The state-run newspaper Farhikhtegan wrote on September 20 that for nearly a decade, one of the major obstacles to the repatriation of export revenues has been the widespread use of “rented trade cards” by individuals or companies.

According to Farhikhtegan, these individuals or companies rent commercial cards from others—often impoverished or low-income people—to export goods, and in addition to not returning the export revenues, they also evade paying taxes and other state dues.

Tasnim reported that according to official figures, over the past three years, refinery product exports totaled $32.7 billion, of which $8.7 billion—about 26.6%—has not been returned.

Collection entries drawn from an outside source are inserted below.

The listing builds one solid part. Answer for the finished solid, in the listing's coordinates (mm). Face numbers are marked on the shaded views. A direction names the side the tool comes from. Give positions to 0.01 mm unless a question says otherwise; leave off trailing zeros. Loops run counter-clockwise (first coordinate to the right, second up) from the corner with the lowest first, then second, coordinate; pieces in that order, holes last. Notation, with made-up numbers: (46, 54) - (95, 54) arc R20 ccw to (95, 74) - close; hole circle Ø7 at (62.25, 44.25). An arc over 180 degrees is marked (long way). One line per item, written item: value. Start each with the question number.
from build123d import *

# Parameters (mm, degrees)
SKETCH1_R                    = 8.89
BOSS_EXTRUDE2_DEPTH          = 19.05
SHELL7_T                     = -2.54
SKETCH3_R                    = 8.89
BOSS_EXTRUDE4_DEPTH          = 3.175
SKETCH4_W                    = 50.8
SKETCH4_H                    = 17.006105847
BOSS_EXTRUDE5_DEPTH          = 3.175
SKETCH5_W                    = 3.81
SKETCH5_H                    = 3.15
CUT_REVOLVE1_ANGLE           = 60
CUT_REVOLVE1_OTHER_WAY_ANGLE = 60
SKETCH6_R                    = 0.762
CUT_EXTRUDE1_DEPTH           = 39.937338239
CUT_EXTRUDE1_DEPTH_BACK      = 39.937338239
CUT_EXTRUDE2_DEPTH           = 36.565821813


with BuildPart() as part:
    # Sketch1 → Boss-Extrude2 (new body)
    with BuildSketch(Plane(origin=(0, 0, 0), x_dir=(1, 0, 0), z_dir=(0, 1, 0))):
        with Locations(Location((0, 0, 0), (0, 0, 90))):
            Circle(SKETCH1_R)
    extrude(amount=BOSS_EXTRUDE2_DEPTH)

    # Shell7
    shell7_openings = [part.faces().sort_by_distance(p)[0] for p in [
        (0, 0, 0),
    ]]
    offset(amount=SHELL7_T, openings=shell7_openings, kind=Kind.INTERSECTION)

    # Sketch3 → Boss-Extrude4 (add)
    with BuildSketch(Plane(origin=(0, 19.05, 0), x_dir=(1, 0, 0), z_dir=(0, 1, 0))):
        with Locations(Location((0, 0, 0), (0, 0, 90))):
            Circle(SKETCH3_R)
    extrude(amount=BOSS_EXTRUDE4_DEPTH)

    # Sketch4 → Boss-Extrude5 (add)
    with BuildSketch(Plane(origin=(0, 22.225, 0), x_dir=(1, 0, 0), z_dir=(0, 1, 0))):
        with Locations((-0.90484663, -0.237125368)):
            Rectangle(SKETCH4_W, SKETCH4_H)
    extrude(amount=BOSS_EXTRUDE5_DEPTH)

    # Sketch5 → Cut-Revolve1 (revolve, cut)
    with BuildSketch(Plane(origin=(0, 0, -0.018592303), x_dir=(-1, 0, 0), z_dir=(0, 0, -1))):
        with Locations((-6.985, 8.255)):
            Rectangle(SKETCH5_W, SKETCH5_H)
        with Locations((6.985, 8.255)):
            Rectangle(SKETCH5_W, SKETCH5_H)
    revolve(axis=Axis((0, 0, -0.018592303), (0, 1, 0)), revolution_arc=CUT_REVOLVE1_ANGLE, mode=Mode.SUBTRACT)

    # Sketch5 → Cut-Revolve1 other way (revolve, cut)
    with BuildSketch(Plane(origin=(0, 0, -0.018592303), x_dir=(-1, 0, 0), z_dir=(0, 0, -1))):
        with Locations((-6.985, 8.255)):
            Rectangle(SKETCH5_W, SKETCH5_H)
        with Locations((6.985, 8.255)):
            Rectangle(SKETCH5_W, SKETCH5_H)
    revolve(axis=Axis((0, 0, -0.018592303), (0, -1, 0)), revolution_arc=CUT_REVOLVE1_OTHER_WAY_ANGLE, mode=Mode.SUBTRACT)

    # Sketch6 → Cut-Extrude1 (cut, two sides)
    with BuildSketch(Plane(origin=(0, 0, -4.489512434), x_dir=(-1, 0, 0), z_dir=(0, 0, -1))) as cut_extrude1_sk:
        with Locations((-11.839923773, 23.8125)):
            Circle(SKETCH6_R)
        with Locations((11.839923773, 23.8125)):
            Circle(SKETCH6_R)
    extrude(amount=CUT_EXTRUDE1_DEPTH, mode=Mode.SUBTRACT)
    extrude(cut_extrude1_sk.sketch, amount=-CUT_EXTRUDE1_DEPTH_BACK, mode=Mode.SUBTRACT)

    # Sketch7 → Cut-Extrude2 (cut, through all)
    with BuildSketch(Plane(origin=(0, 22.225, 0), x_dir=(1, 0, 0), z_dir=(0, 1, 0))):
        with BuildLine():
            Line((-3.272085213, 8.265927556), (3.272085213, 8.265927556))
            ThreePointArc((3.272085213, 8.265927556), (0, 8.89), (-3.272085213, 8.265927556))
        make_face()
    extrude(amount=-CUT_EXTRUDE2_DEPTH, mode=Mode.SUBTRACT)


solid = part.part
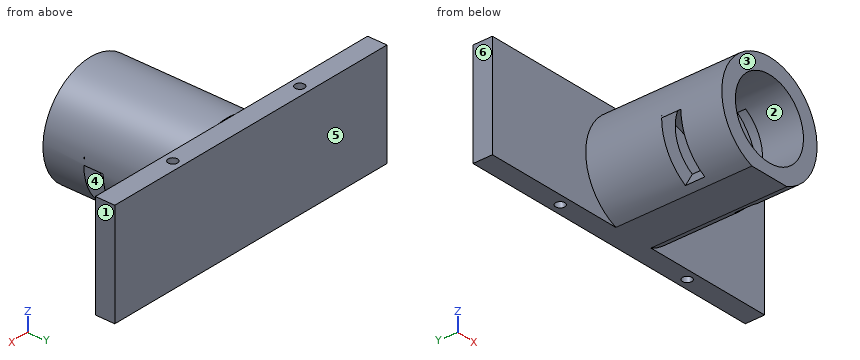
1. Flat-ended cylindrical pins translate along their axes: pin 1 (7.5 mm diameter, centred on x = 0, z = 0, fed in from -Y); pin 2 (8.5 mm diameter, centred on x = 16, z = 3.5, fed in from -Y) (3 decimals); pin 3 (1 mm diameter, centred on x = 3, y = 9.5, fed in from +Z). Find the tip coordinate at first contact, or state that the pin passes through.
2. A cutting plane is placed at C-C (z = 2.5). Determine the outline of the cut face in (x, y) (1 decimal), plus the area to 3 significant figures.
3. A cutting plane is placed at D-D (x = 0). Determine the outline of the cut face in (y, z) (3 decimals), plus the area to 3 significant figures.
4. A cutting plane is placed at A-A (z = -4). Determine the outline of the cut face in (x, y) (1 decimal), plus the area to 3 significant figures.
5. Find the intervals of material crossed by L1, parallel to X at y = 11.5, z = 0; L2, parallel to X at y = 23.25, z = -5.5; L3, parallel to Z at x = 15, y = 23.25, in increasing order. Write a range as [from, to].
6. A cutting plane is placed at B-B (y = 8.5). Determine the outline of the cut face in (x, z) (3 decimals), plus the area to 3 significant figures.
7. For the marked faces 1 and 2, determine the directions among +Z, -Z, +X, -X, +Y, -Y from which every point of the face is accessible in a straight line to the end or side of a thin tool.
8. Determine the mould class of the marked faces 3, 4, 5 and 6 for opening direction Y: released by +Y, released by -Y, zero draft, split by the parting line, or undercut.
Results below:
1. pin 1: stops at y = 16.51
1. pin 2: stops at y = 22.225
1. pin 3: stops at z = 8.53
2. outline: (-26.3, 22.2) - (-8.5, 22.2) - (-8.5, 0) - (-5.8, 0) - (-5.8, 6.7) - (-8.5, 6.7) - (-8.5, 9.8) - (-5.8, 9.8) - (-5.8, 16.5) - (5.8, 16.5) - (5.8, 9.8) - (8.5, 9.8) - (8.5, 6.7) - (5.8, 6.7) - (5.8, 0) - (8.5, 0) - (8.5, 22.2) - (24.5, 22.2) - (24.5, 25.4) - (-26.3, 25.4) - close; hole circle Ø1.5 at (-11.8, 23.8); hole circle Ø1.5 at (11.8, 23.8)
2. area: 327 mm^2
3. outline: (0, -8.266) - (25.4, -8.266) - (25.4, 8.74) - (22.225, 8.74) - (22.225, 8.89) - (0, 8.89) - (0, 6.35) - (16.51, 6.35) - (16.51, -6.35) - (0, -6.35) - close
3. area: 226 mm^2
4. outline: (-26.3, 22.2) - (-7.9, 22.2) - (-7.9, 9.8) - (-4.9, 9.8) - (-4.9, 16.5) - (4.9, 16.5) - (4.9, 9.8) - (7.9, 9.8) - (7.9, 22.2) - (24.5, 22.2) - (24.5, 25.4) - (-26.3, 25.4) - close; (-7.9, 0) - (-4.9, 0) - (-4.9, 6.7) - (-7.9, 6.7) - close; (4.9, 0) - (7.9, 0) - (7.9, 6.7) - (4.9, 6.7) - close; hole circle Ø1.5 at (-11.8, 23.8); hole circle Ø1.5 at (11.8, 23.8)
4. area: 329 mm^2
5. L1: x = [-8.89, -6.35], [6.35, 8.89]
5. L2: x = [-26.3, -12.35], [-11.33, 11.33], [12.35, 24.5]
5. L3: z = [-8.27, 8.74]
6. outline: (-8.89, -0.009) arc R8.89 cw to (-4.445, 7.68) - (-3.183, 5.495) arc R6.35 cw to (3.183, 5.495) - (4.445, 7.68) arc R8.89 cw to (8.89, -0.009) arc R8.89 ccw to start; (-4.437, -7.704) arc R8.89 ccw to (-3.272, -8.266) - (3.272, -8.266) arc R8.89 ccw to (4.437, -7.704) - (3.167, -5.504) arc R6.35 cw to (-3.167, -5.504) - close
6. area: 38.0 mm^2
7. face 1: +Z, -Z, +X, +Y, -Y
7. face 2: -Y
8. face 3: released by -Y
8. face 4: undercut
8. face 5: released by +Y
8. face 6: zero draft

In the same period, petrochemical exports totaled $24.5 billion, with $2.7 billion—11% of the total—remaining unrepatriated. Meanwhile, metal product exports amounted to $33.7 billion, of which $12.9 billion—38.2%—have not been returned.

These statistics were released despite the March 2022 amendment to Iran’s anti-smuggling law, which requires all exporters to repatriate 100% of their export revenues, with noncompliance subject to legal prosecution.

The Central Bank and the Currency Repatriation Task Force had previously warned that exporters who fail to meet their currency return commitments would be listed as currency violators and face trade restrictions.

Such warnings had been issued before. For instance, the state-run ISNA news agency reported on July 21, 2020, that government bodies warned exporters who fail to repatriate export revenues would face penalties such as “revocation or non-renewal of trade cards, suspension of import registration privileges, denial of facilities and services like the green customs channel, refusal of guarantees, and repayment of customs duties and tariffs.”

Authorities also threatened that the Tax Administration would revoke all tax exemptions and incentives for exporters failing to repatriate export revenues. The Central Bank would withhold foreign exchange allocation certificates, and commercial banks would suspend both rial and foreign currency facilities and guarantees for these individuals.

Previously, according to Samad Karimi, director of the Export Department of the Central Bank, around $27.5 billion in export revenues had not returned to Iran’s main economic cycle.

However, a review of reports from recent years shows that such warnings have been ineffective. As Tasnim notes, the available data indicate a significant gap between the law and the actual rate of currency repatriation.